This follows the global layoffs the company did last week, where hundreds of employees across offices were retrenched. According to reports, over 3,000 employees were laid off globally.
One of the laid off employees said that those associated with the company for 15–20 years were asked to leave. While the said employee’s exit was amicable with a month-long garden leave, others’ exits were reportedly not as smooth.
“We were told that these exits were not performance related but due to the technological shift, with AI coming in and the company looking to cut costs,” a source aware of the development told ET, on the condition of anonymity.
The layoffs have happened across the teams including Oracle Cloud.
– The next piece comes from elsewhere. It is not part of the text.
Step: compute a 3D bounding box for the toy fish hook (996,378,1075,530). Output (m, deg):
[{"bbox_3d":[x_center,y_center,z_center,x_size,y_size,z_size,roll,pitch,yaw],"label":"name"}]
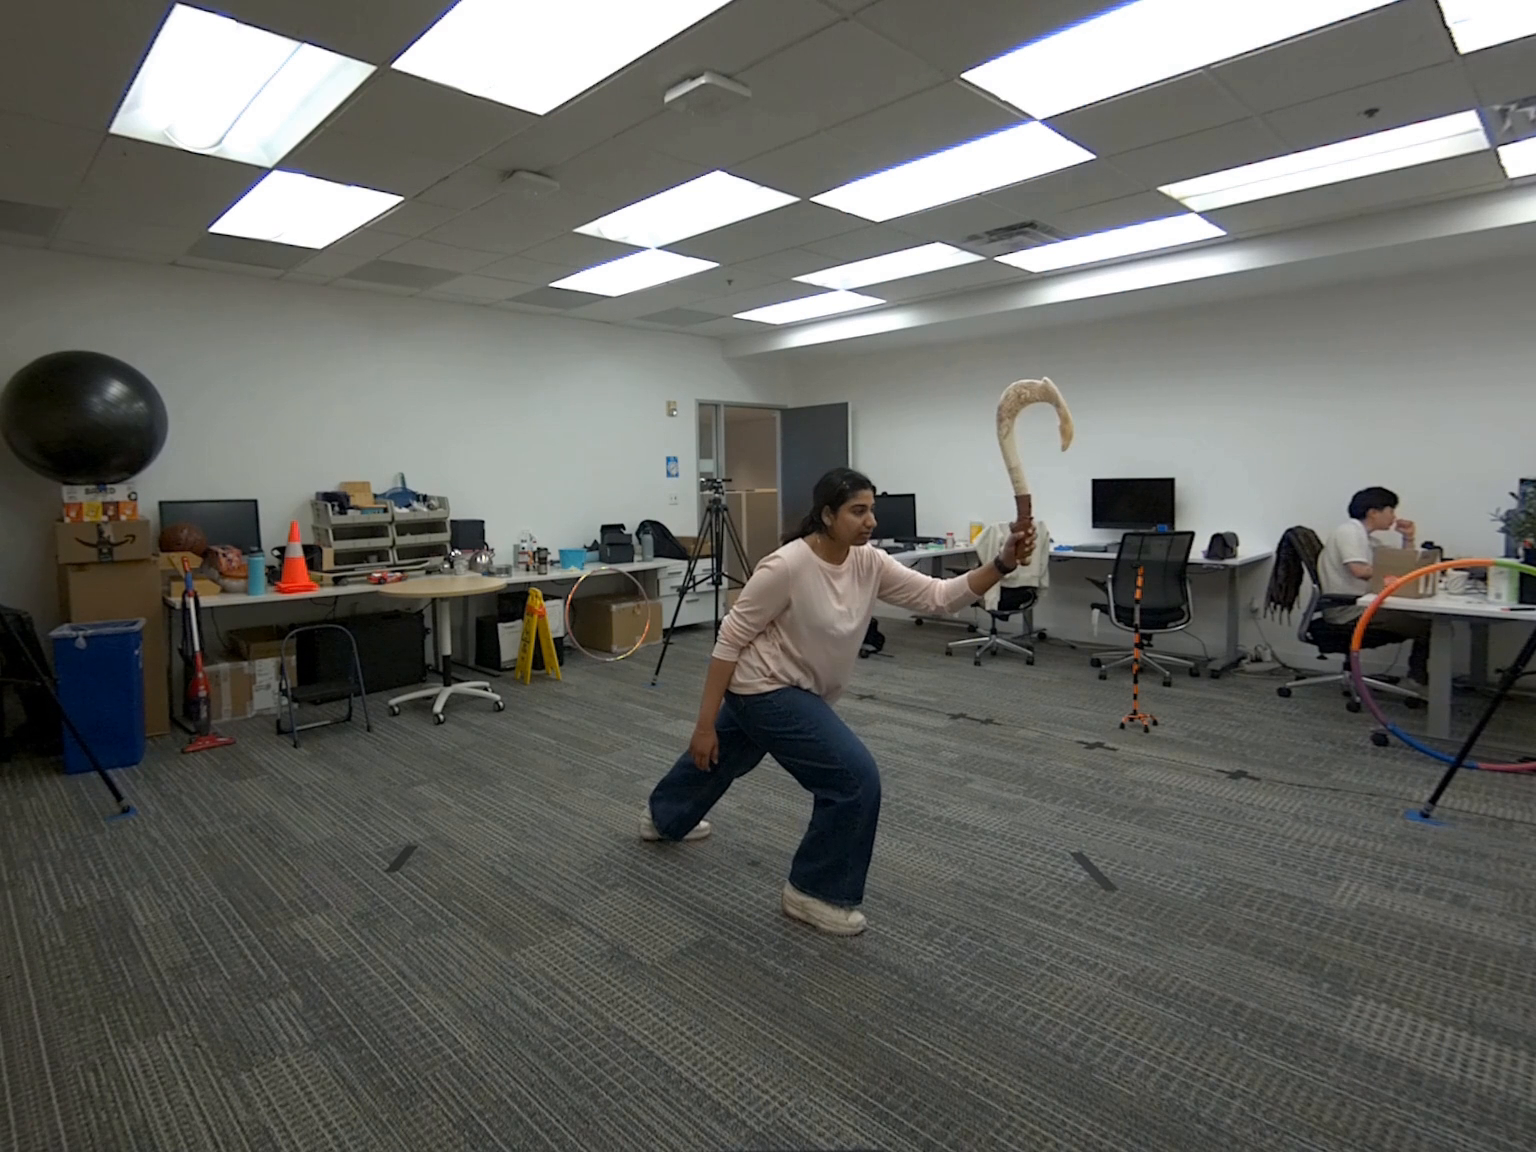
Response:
[{"bbox_3d":[0.719,-0.281,2.307,0.047,0.503,0.231,-8,7,-34],"label":"toy fish hook"}]

Oracle India did not respond to the queries sent by ET till the time of publishing.
Oracle employs about 30,000 people in India. The Indian entity reported a revenue of Rs 20,459 crore in the fiscal year ended March 2024, up 20% from the previous year.
Bloodbath in tech
Oracle is not the only company to have laid off employees. The past months have seen large technology companies such as Microsoft, Meta, and Salesforce retrench thousands of employees. According to layoffs tracking platform Trueup.io, 205,000 jobs are are likely to be cut off globally in 2025, of which 140,000 will be techies.
While AI is the catalyst behind the layoffs, it is not the sole driver of the current restructuring, said Phil Fersht, founder business research consultancy HFS Research. “Large language models and agentic AI are now capable of performing tasks that once required entire teams of coders, so companies are cutting those headcounts while investing in AI infrastructure. At the same time, global tech firms are under pressure from investors to show rapid productivity gains and protect margins, which makes workforce rationalisation the quickest lever to pull,” he said.